Minimax and Bayes Optimal Best-arm Identification: Adaptive Experimental Design for Treatment Choice
This study investigates adaptive experimental design for treatment choice, also known as fixed-budget best-arm identification. We consider an adaptive procedure consisting of a treatment-allocation phase followed by a treatment-choice phase, and we design an adaptive experiment for this setup to efficiently identify the best treatment arm, defined as the one with the highest expected outcome. In our designed experiment, the treatment-allocation phase consists of two stages. The first stage is a pilot phase, where we allocate each treatment arm uniformly with equal proportions to eliminate clearly suboptimal arms and estimate outcome variances.
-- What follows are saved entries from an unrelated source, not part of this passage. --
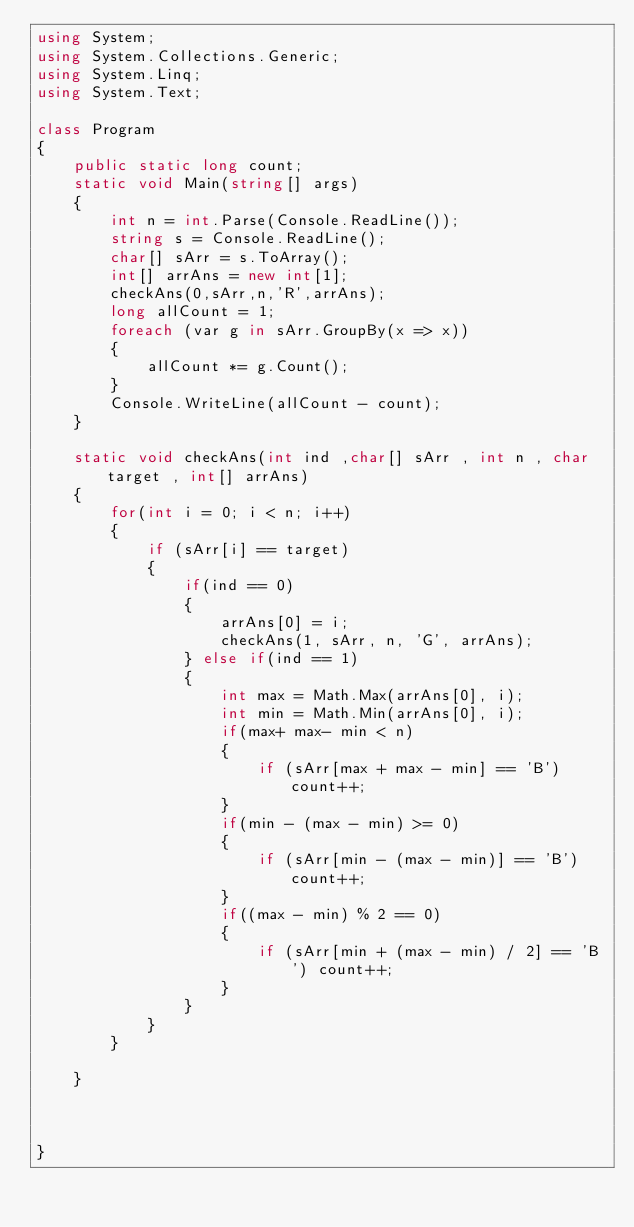<code> <loc_0><loc_0><loc_500><loc_500><_C#_>using System;
using System.Collections.Generic;
using System.Linq;
using System.Text;

class Program
{
    public static long count;
    static void Main(string[] args)
    {
        int n = int.Parse(Console.ReadLine());
        string s = Console.ReadLine();
        char[] sArr = s.ToArray();
        int[] arrAns = new int[1];
        checkAns(0,sArr,n,'R',arrAns);
        long allCount = 1;
        foreach (var g in sArr.GroupBy(x => x))
        {
            allCount *= g.Count();
        }
        Console.WriteLine(allCount - count);
    }

    static void checkAns(int ind ,char[] sArr , int n , char target , int[] arrAns)
    {
        for(int i = 0; i < n; i++)
        {
            if (sArr[i] == target)
            {
                if(ind == 0)
                {
                    arrAns[0] = i;
                    checkAns(1, sArr, n, 'G', arrAns);
                } else if(ind == 1)
                {
                    int max = Math.Max(arrAns[0], i);
                    int min = Math.Min(arrAns[0], i);
                    if(max+ max- min < n)
                    {
                        if (sArr[max + max - min] == 'B') count++;
                    }
                    if(min - (max - min) >= 0)
                    {
                        if (sArr[min - (max - min)] == 'B') count++;
                    }
                    if((max - min) % 2 == 0)
                    {
                        if (sArr[min + (max - min) / 2] == 'B') count++;
                    }
                }
            }
        }

    }



}


</code>

In the second stage, we allocate treatment arms in proportion to the variances estimated in the first stage. After the treatment-allocation phase, the procedure enters the treatment-choice phase, where we choose the treatment arm with the highest sample mean as our estimate of the best treatment arm. We prove that this single design is simultaneously asymptotically minimax and Bayes optimal for the simple regret, with upper bounds that match our lower bounds up to exact constants. Therefore, our designed experiment achieves the sharp efficiency limits without requiring separate tuning for minimax and Bayesian objectives.